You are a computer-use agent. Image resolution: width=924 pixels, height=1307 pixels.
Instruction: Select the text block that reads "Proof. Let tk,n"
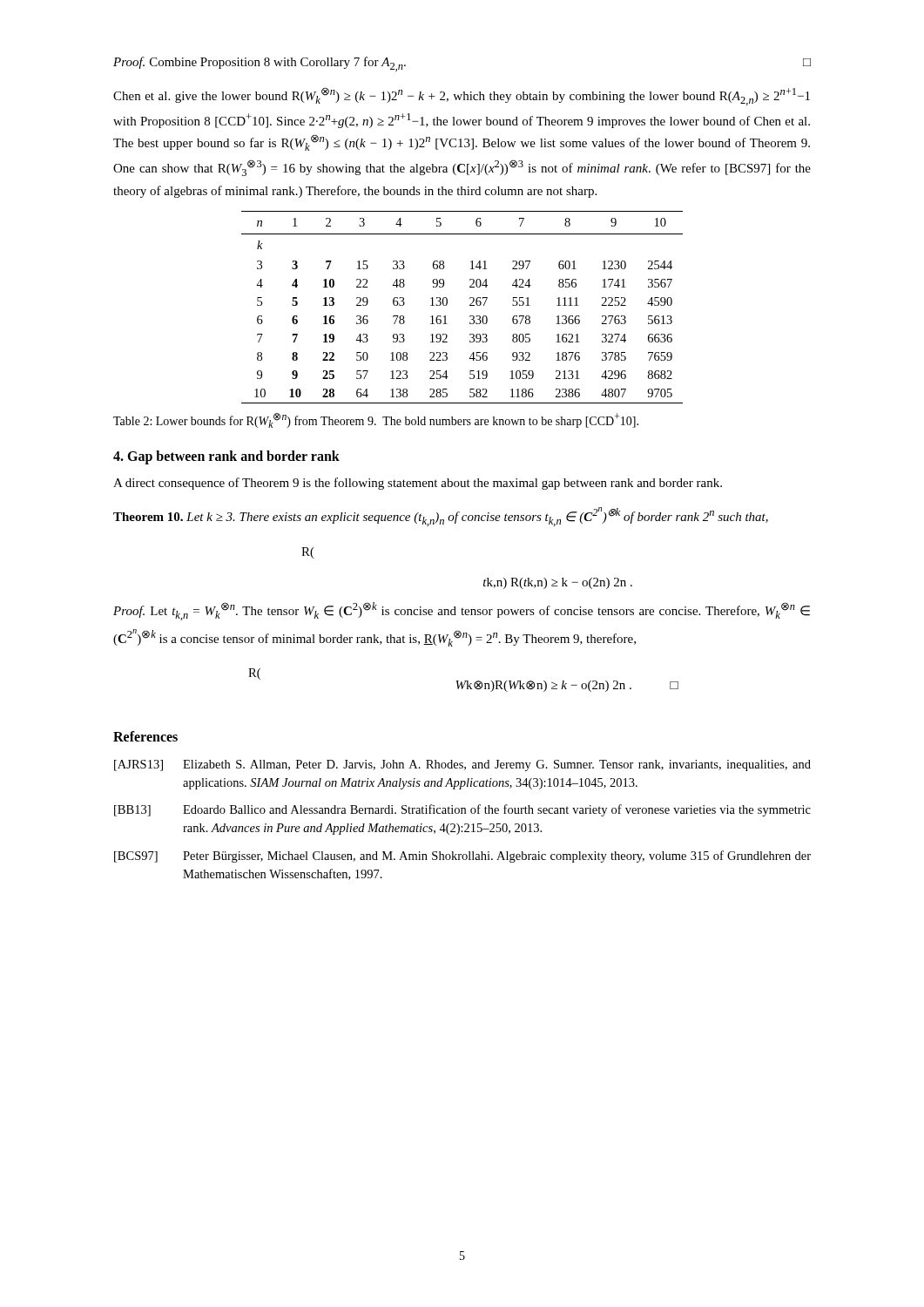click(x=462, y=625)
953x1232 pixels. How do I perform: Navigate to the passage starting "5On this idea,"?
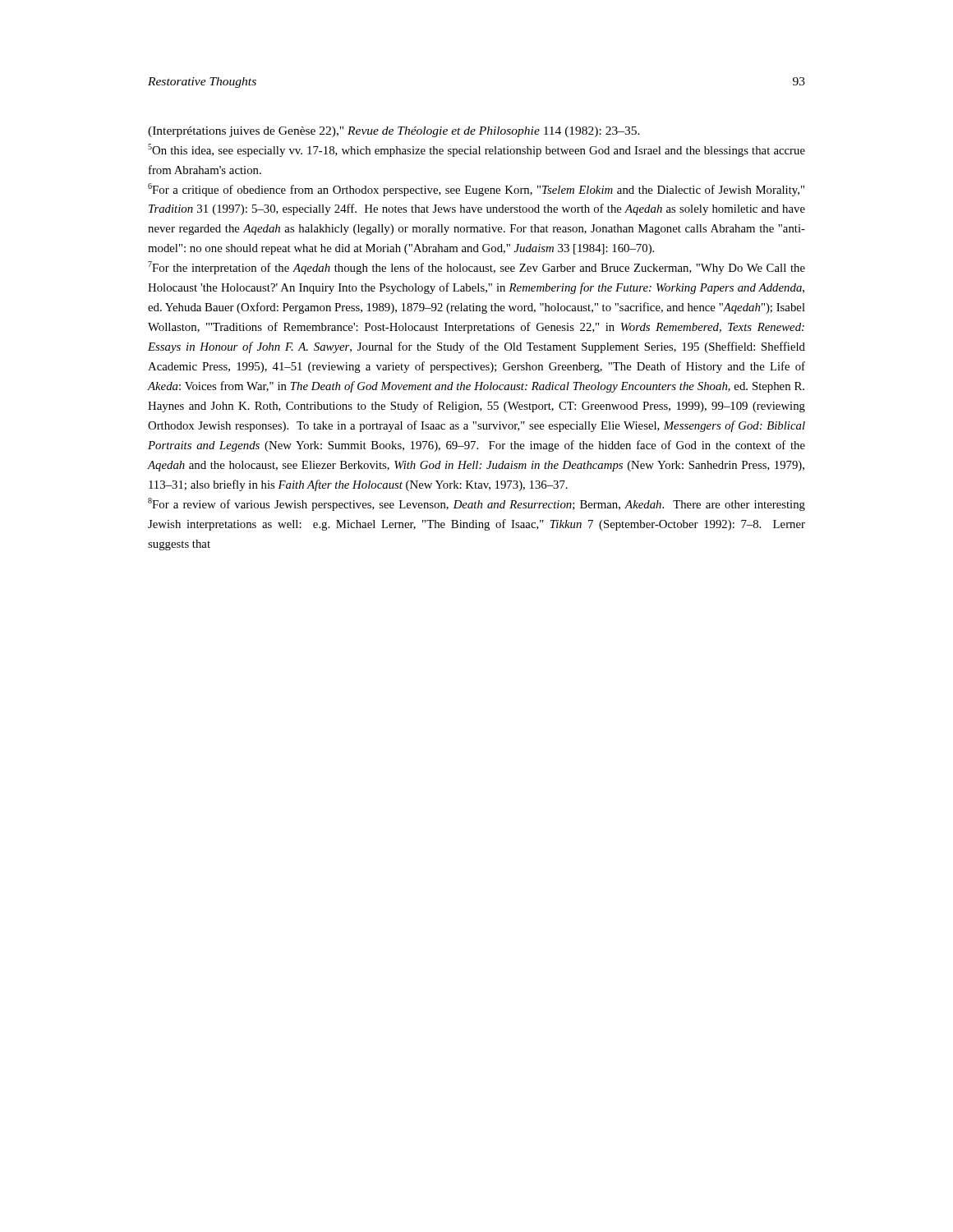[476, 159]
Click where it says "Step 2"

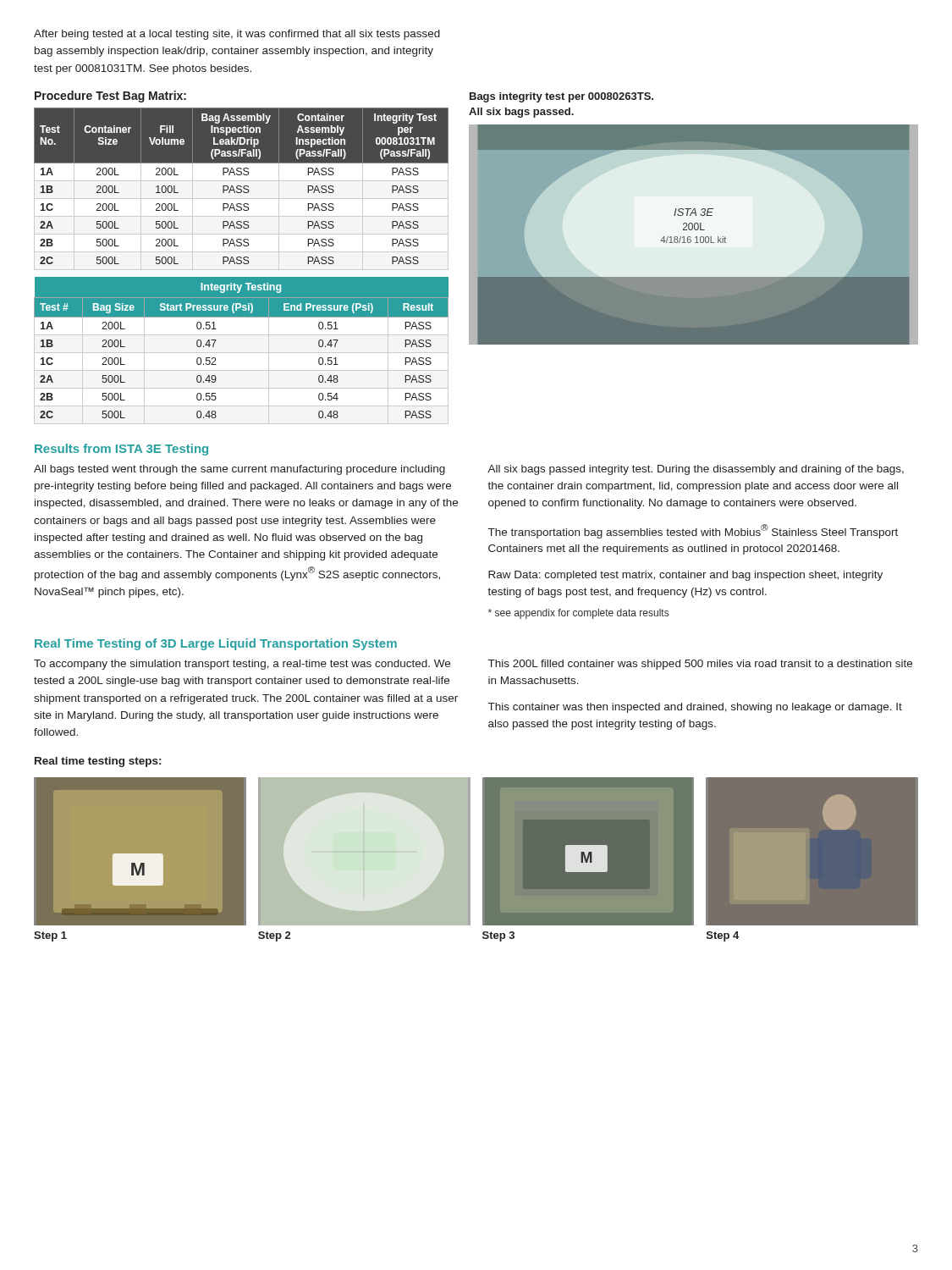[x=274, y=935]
++++
EXERCISE OBJECTIVE: Write out the records once more, word for word, though without the pictures they contain.

SOLUTION FOR THIS TASK:
You are a computer-use agent. Image resolution: width=924 pixels, height=1307 pixels.
Instruction: Select the text block that reads "Proof. Let tk,n"
click(x=462, y=625)
953x1232 pixels. How do I perform: Navigate to the passage starting "5On this idea,"?
[476, 159]
Click where it says "Step 2"

[x=274, y=935]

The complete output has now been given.